Output the records exactly as they appear, with no pictures included.

Items from a dataset
◇ ◇ ◇ ◇

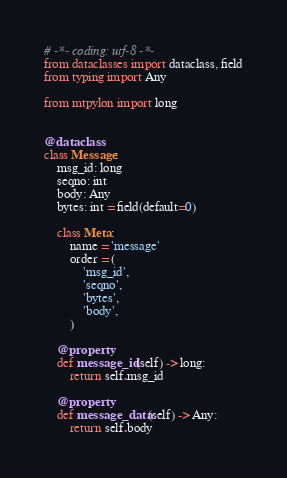Convert code to text. <code><loc_0><loc_0><loc_500><loc_500><_Python_># -*- coding: utf-8 -*-
from dataclasses import dataclass, field
from typing import Any

from mtpylon import long


@dataclass
class Message:
    msg_id: long
    seqno: int
    body: Any
    bytes: int = field(default=0)

    class Meta:
        name = 'message'
        order = (
            'msg_id',
            'seqno',
            'bytes',
            'body',
        )

    @property
    def message_id(self) -> long:
        return self.msg_id

    @property
    def message_data(self) -> Any:
        return self.body
</code> 
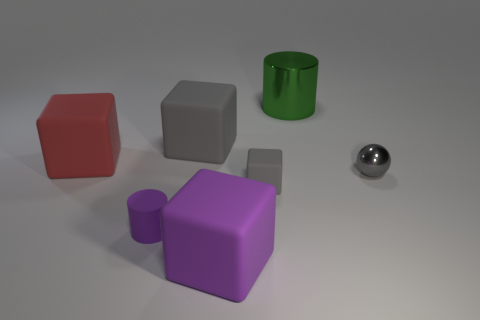There is a rubber thing that is both to the left of the big gray cube and behind the gray metallic sphere; what is its shape?
Make the answer very short. Cube. What is the size of the red thing that is the same shape as the large purple rubber thing?
Provide a short and direct response. Large. Are there fewer small gray rubber things that are in front of the big red thing than large red cubes?
Keep it short and to the point. No. How big is the gray thing that is behind the red object?
Your response must be concise. Large. What is the color of the small thing that is the same shape as the big red object?
Your response must be concise. Gray. How many big cubes are the same color as the metal sphere?
Ensure brevity in your answer.  1. Is there anything else that has the same shape as the tiny gray metal thing?
Your answer should be compact. No. There is a matte cube behind the large red rubber block that is in front of the large gray rubber cube; is there a cylinder on the left side of it?
Make the answer very short. Yes. How many other large cubes are made of the same material as the large gray block?
Provide a short and direct response. 2. There is a gray thing on the right side of the big green cylinder; does it have the same size as the cylinder behind the small purple thing?
Give a very brief answer. No. 
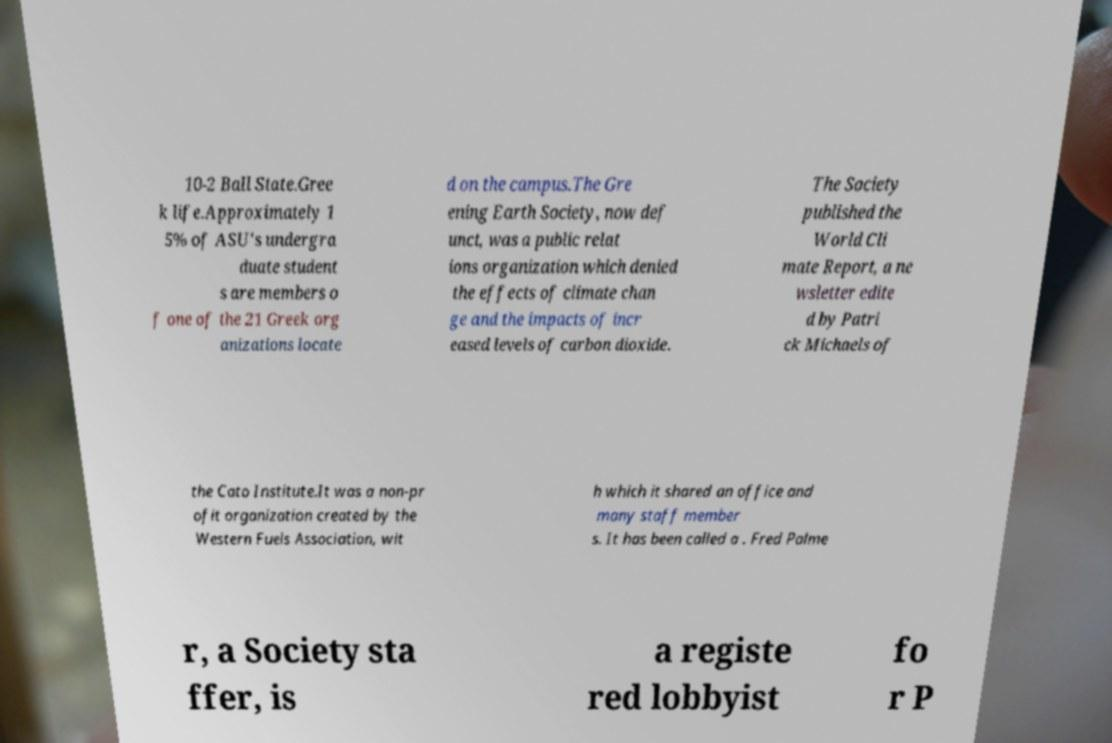Could you extract and type out the text from this image? 10-2 Ball State.Gree k life.Approximately 1 5% of ASU's undergra duate student s are members o f one of the 21 Greek org anizations locate d on the campus.The Gre ening Earth Society, now def unct, was a public relat ions organization which denied the effects of climate chan ge and the impacts of incr eased levels of carbon dioxide. The Society published the World Cli mate Report, a ne wsletter edite d by Patri ck Michaels of the Cato Institute.It was a non-pr ofit organization created by the Western Fuels Association, wit h which it shared an office and many staff member s. It has been called a . Fred Palme r, a Society sta ffer, is a registe red lobbyist fo r P 
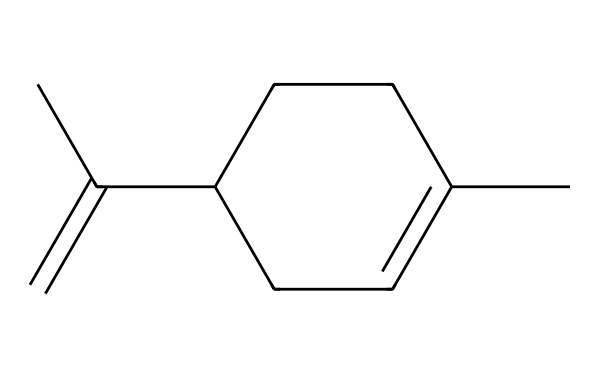¿Qué tipo de compuesto es este? Este compuesto tiene una cadena de carbono sin enlaces dobles adicionales en su estructura principal, colocándolo en la categoría de compuestos alifáticos.
Answer: alifático ¿Cuántos átomos de carbono hay en este compuesto? Al observar la estructura, se cuentan un total de seis átomos de carbono en la cadena principal y dos en los grupos laterales, sumando ocho en total.
Answer: ocho ¿Cuál es el grupo funcional predominante? Este compuesto muestra un doble enlace en su estructura, lo que indica que su principal grupo funcional es un alceno.
Answer: alceno ¿Cuántos enlaces dobles tiene este compuesto? Observando la estructura, se identifica un número total de un enlace doble dentro de la cadena, confirmando la presencia de un alceno.
Answer: uno ¿Qué tipo de interacciones intermoleculares son predominantes en este compuesto? Dado que este es un compuesto alifático y tiene solo enlace carbono-carbono y carbono-hidrógeno, las interacciones predominantes son las fuerzas de Van der Waals.
Answer: fuerzas de Van der Waals ¿Por qué este compuesto puede ser considerado como un disolvente ecológico? Alifáticos como este tienen menor toxicidad en comparación con solventes aromáticos, lo que los hace más seguros y preferibles en aplicaciones sostenibles.
Answer: menor toxicidad 
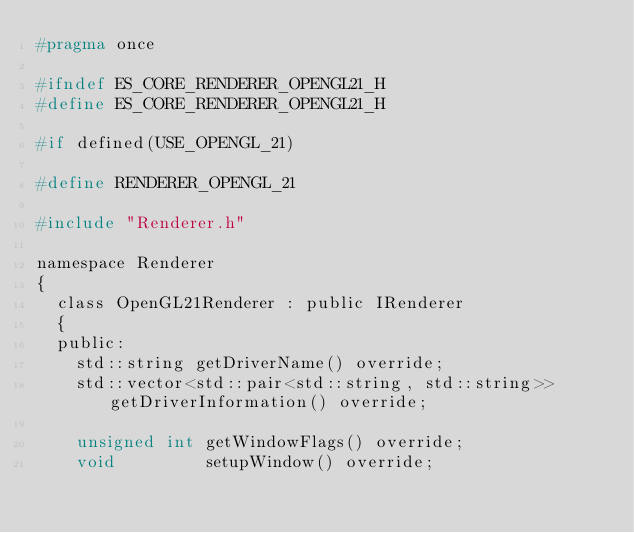<code> <loc_0><loc_0><loc_500><loc_500><_C_>#pragma once

#ifndef ES_CORE_RENDERER_OPENGL21_H
#define ES_CORE_RENDERER_OPENGL21_H

#if defined(USE_OPENGL_21)

#define RENDERER_OPENGL_21

#include "Renderer.h"

namespace Renderer
{
	class OpenGL21Renderer : public IRenderer
	{
	public:
		std::string getDriverName() override;
		std::vector<std::pair<std::string, std::string>> getDriverInformation() override;

		unsigned int getWindowFlags() override;
		void         setupWindow() override;
</code>

◇ ◇ ◇ ◇

■ RESPONSE TO THE TASK ■
Convert code to text. <code><loc_0><loc_0><loc_500><loc_500><_Python_># -*- coding: utf-8 -*-
from dataclasses import dataclass, field
from typing import Any

from mtpylon import long


@dataclass
class Message:
    msg_id: long
    seqno: int
    body: Any
    bytes: int = field(default=0)

    class Meta:
        name = 'message'
        order = (
            'msg_id',
            'seqno',
            'bytes',
            'body',
        )

    @property
    def message_id(self) -> long:
        return self.msg_id

    @property
    def message_data(self) -> Any:
        return self.body
</code> 
There is a rubber thing that is both to the left of the big gray cube and behind the gray metallic sphere; what is its shape?
Make the answer very short. Cube. What is the size of the red thing that is the same shape as the large purple rubber thing?
Provide a short and direct response. Large. Are there fewer small gray rubber things that are in front of the big red thing than large red cubes?
Keep it short and to the point. No. How big is the gray thing that is behind the red object?
Your response must be concise. Large. What is the color of the small thing that is the same shape as the big red object?
Your response must be concise. Gray. How many big cubes are the same color as the metal sphere?
Ensure brevity in your answer.  1. Is there anything else that has the same shape as the tiny gray metal thing?
Your answer should be compact. No. There is a matte cube behind the large red rubber block that is in front of the large gray rubber cube; is there a cylinder on the left side of it?
Make the answer very short. Yes. How many other large cubes are made of the same material as the large gray block?
Provide a short and direct response. 2. There is a gray thing on the right side of the big green cylinder; does it have the same size as the cylinder behind the small purple thing?
Give a very brief answer. No. 
Could you extract and type out the text from this image? 10-2 Ball State.Gree k life.Approximately 1 5% of ASU's undergra duate student s are members o f one of the 21 Greek org anizations locate d on the campus.The Gre ening Earth Society, now def unct, was a public relat ions organization which denied the effects of climate chan ge and the impacts of incr eased levels of carbon dioxide. The Society published the World Cli mate Report, a ne wsletter edite d by Patri ck Michaels of the Cato Institute.It was a non-pr ofit organization created by the Western Fuels Association, wit h which it shared an office and many staff member s. It has been called a . Fred Palme r, a Society sta ffer, is a registe red lobbyist fo r P 
¿Qué tipo de compuesto es este? Este compuesto tiene una cadena de carbono sin enlaces dobles adicionales en su estructura principal, colocándolo en la categoría de compuestos alifáticos.
Answer: alifático ¿Cuántos átomos de carbono hay en este compuesto? Al observar la estructura, se cuentan un total de seis átomos de carbono en la cadena principal y dos en los grupos laterales, sumando ocho en total.
Answer: ocho ¿Cuál es el grupo funcional predominante? Este compuesto muestra un doble enlace en su estructura, lo que indica que su principal grupo funcional es un alceno.
Answer: alceno ¿Cuántos enlaces dobles tiene este compuesto? Observando la estructura, se identifica un número total de un enlace doble dentro de la cadena, confirmando la presencia de un alceno.
Answer: uno ¿Qué tipo de interacciones intermoleculares son predominantes en este compuesto? Dado que este es un compuesto alifático y tiene solo enlace carbono-carbono y carbono-hidrógeno, las interacciones predominantes son las fuerzas de Van der Waals.
Answer: fuerzas de Van der Waals ¿Por qué este compuesto puede ser considerado como un disolvente ecológico? Alifáticos como este tienen menor toxicidad en comparación con solventes aromáticos, lo que los hace más seguros y preferibles en aplicaciones sostenibles.
Answer: menor toxicidad 
<code> <loc_0><loc_0><loc_500><loc_500><_C_>#pragma once

#ifndef ES_CORE_RENDERER_OPENGL21_H
#define ES_CORE_RENDERER_OPENGL21_H

#if defined(USE_OPENGL_21)

#define RENDERER_OPENGL_21

#include "Renderer.h"

namespace Renderer
{
	class OpenGL21Renderer : public IRenderer
	{
	public:
		std::string getDriverName() override;
		std::vector<std::pair<std::string, std::string>> getDriverInformation() override;

		unsigned int getWindowFlags() override;
		void         setupWindow() override;
</code>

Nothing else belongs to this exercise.